Cleve Lisecki, Veena Luthra, and Lindsey D. Stellwagen, for
respondent.
MEMORANDUM OPINION
WELLS, Judge: The instant matter is before the Court on
petitioner Gilbert Hahn, Jr.’s Motion for Partial Summary
- 2 -
Judgment.1 The issue for decision concerns discharge of
indebtedness income pursuant to section 61(a)(12). For the
reasons stated below, we shall deny petitioner’s motion. Unless
otherwise indicated, all Rule references are to the Tax Court
Rules of Practice and Procedure, and all section references are
to the Internal Revenue Code, as amended.
Background
Petitioners resided in Washington, D.C., when the petition
was filed. References to petitioner in the singular are to
Gilbert Hahn, Jr.
During 1986, petitioner obtained a $1 million line of credit
from the National Bank of Washington (the bank), which was later
increased to $2 million. During June 1988, petitioner borrowed
against the line of credit and gave the bank a promissory note in
the amount of $2 million (the note). The note provides, inter
alia: (1) The outstanding principal and interest shall be
payable on demand; (2) until demand is made, petitioner shall pay
interest quarterly on the unpaid principal balance at the bank’s
floating prime rate plus ½ percent; (3) in the event of a late
payment, petitioner shall pay a late charge of 2 percent per
1
Petitioner and his wife, Margot Hahn, filed a joint 1995
Federal income tax return and a joint petition with the Court.

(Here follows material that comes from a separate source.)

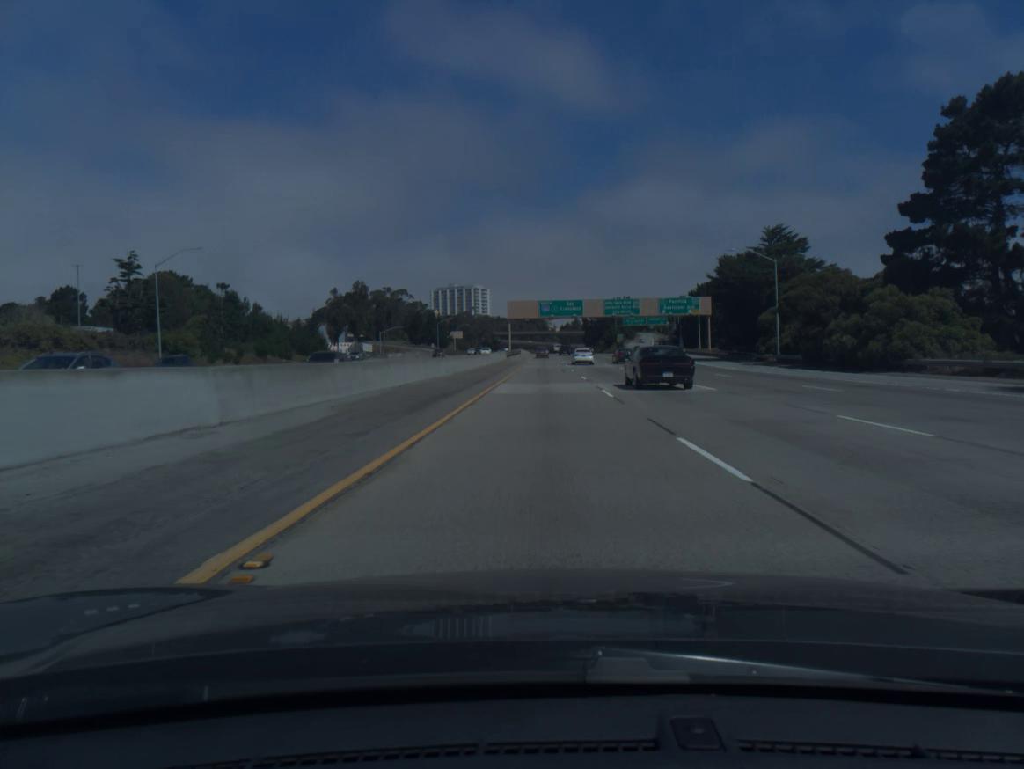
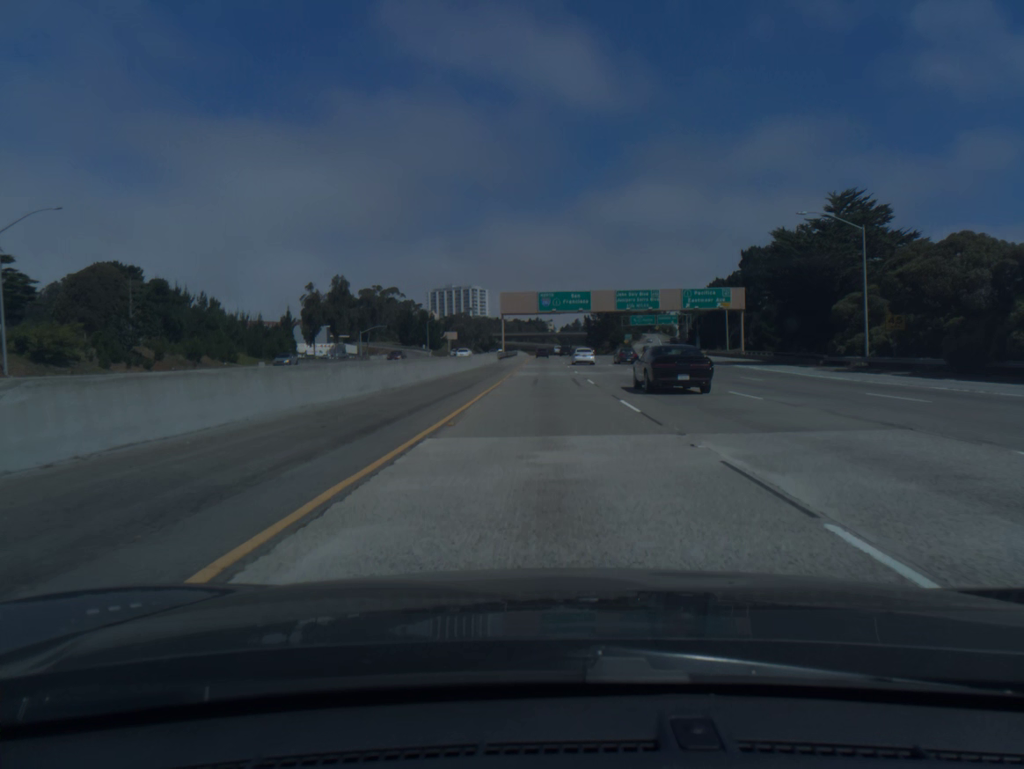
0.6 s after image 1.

Petitioner Margot Hahn now seeks relief from joint and several
liability pursuant to sec. 6015, and each petitioner has retained
separate counsel. Petitioner Margot Hahn did not join petitioner
Gilbert Hahn, Jr. in making the instant motion.
- 3 -
annum in excess of the aforementioned interest rate; and (4) in
the event petitioner defaults and the bank institutes a suit to
collect on the note, the bank shall be entitled to recover as
attorney’s fees 15 percent of the unpaid principal and interest,
and costs of suit.
During August 1990, the Office of the Comptroller of the
Currency declared the bank insolvent and appointed the Federal
Deposit Insurance Corporation (FDIC) as its receiver. The FDIC
later claimed that petitioner had defaulted under the terms and
conditions of the note by failing to repay principal and
interest.
During January 1994, the FDIC filed suit against petitioner
in U.S. District Court. The FDIC complaint alleged that
petitioner owed the following amounts with respect to the note:
(1) $1,752,384 in principal; (2) $381,934 in prejudgment interest
accrued as of February 15, 1993, with interest continuing to
accrue at a daily rate of $312 until paid; (3) a late charge of 2
percent per annum on the unpaid principal; and (4) attorney’s
fees in the amount of 15 percent of the unpaid balance of the
loan.2 The complaint alleged that, except for a $25,000 payment
by petitioner in November 1993, none of the above-described
amounts had been paid. The complaint also sought costs of suit.
2
All amounts are rounded to the nearest dollar.
- 4 -
Petitioner disputed the FDIC’s claim, and, during October
1995, petitioner and the FDIC entered into a settlement agreement
in which petitioner agreed to pay an additional $975,000 in
exchange for a release of the FDIC’s claims against him. The
settlement agreement states in part that petitioner “denies the
entire claim” and that petitioner and the FDIC were settling the
dispute to “avoid the time and cost of litigation”.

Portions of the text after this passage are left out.